Addressing hundreds of people packed into Dublin’s Pro-Cathedral, Archbishop Diarmuid Martin then made what victims said was the most explicit apology to date for the role of the Church hierarchy in enabling the abuse.
“For them to get down on their knees, it was humbling,” said Darren McGavin, 39, who was abused as a child by a priest in his west Dublin parish. “I’ve found it hard to forgive, but today I found a small bit of closure.”
A damning 2009 Irish government report on widespread child abuse by priests in the Dublin archdiocese between 1975 and 2004 said the Church in Ireland had “obsessively” concealed the abuse.
The report said one priest admitted abusing more than 100 children. Another said he had abused children every two weeks for more than 25 years.
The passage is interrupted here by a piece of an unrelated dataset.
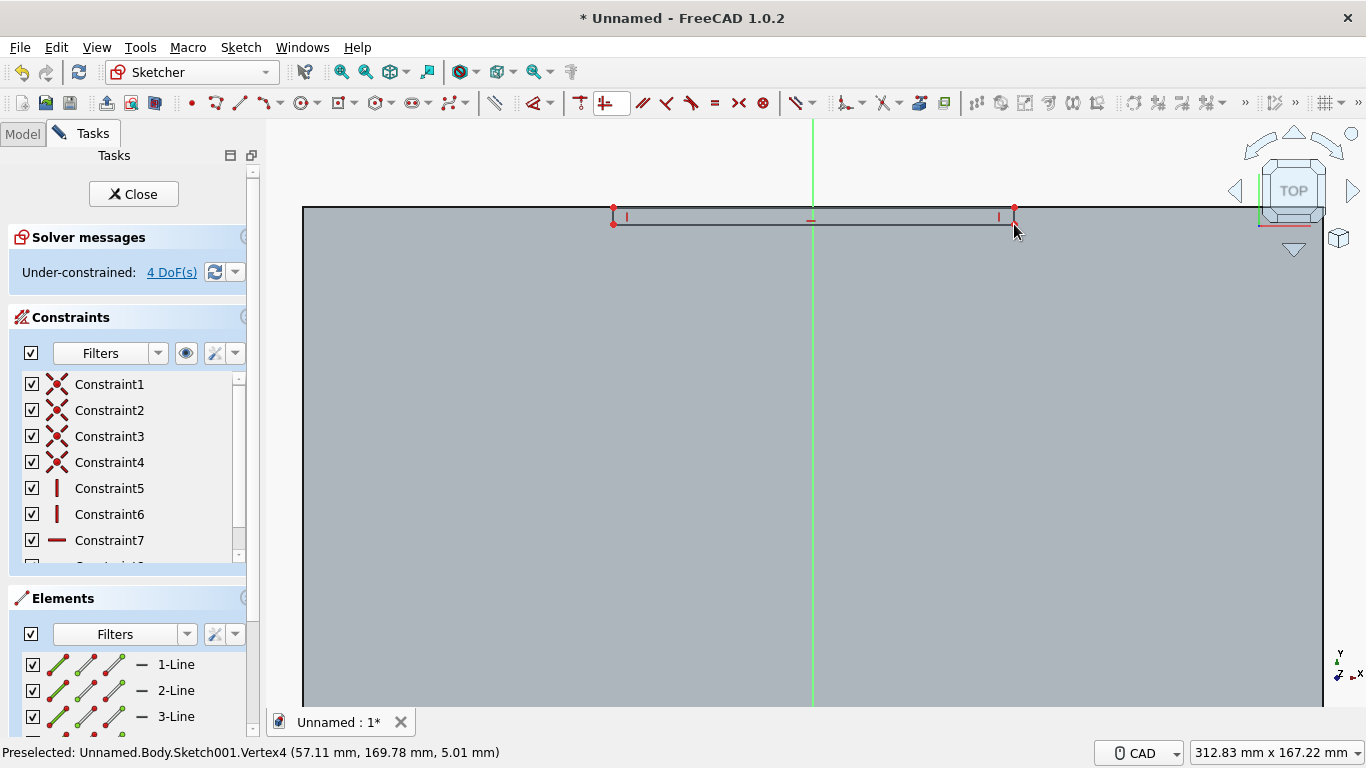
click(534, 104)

“For covering up crimes of abuse, and by so doing actually causing the sexual abuse of more children... we ask God’s forgiveness,” Martin told the congregation.
“The archdiocese of Dublin will never be the same again. It will always bear this wound within it.”
Martin and Cardinal Sean O’Malley of Boston, who was sent to Ireland by the Vatican to study the response of the Dublin archdiocese to sexual abuse, lay prostrate in front of an empty stone altar at the start of the service.
They later invited five women and three male victims of abuse to the altar, where they knelt down and washed their feet, a traditional Catholic gesture of humility.
Three of the victims held hands and sobbed as Martin poured water on their feet and O’Malley dried them with a towel. Others stared into the distance, expressionless.
“Today was a day of liberation for me,” said one of the eight, a 63-year-old, who declined to give his name. “I never thought I’d live to see this day when the church gave full recognition for the horror that was there.”
Martin has apologized for abuse in the diocese before, but the Irish church has never as clearly acknowledged the fact that the actions of the Catholic hierarchy actually caused abuse, said abuse survivor Marie Collins.
“They were absolutely clear about the accountability of the leadership in the diocese and not just the abusers... That is something we have not heard clearly before,” said Collins, who was abused by a priest as a 12-year-old in Dublin in 1960.
Other victims of abuse were less impressed.
“Today was a sham, hollow words,” Michael O’Brien, 78, said after the liturgy, which he interrupted to tell the congregation how he was stripped naked, plunged into freezing water and whipped by a priest as a 5-year-old boy.
He said the church hierarchy continued to treat victims with disdain and were using token gestures as a public relations exercise.
“Why has the pope not apologized to the Irish people?” he said. “Washing the feet of people in this church will not give us peace.”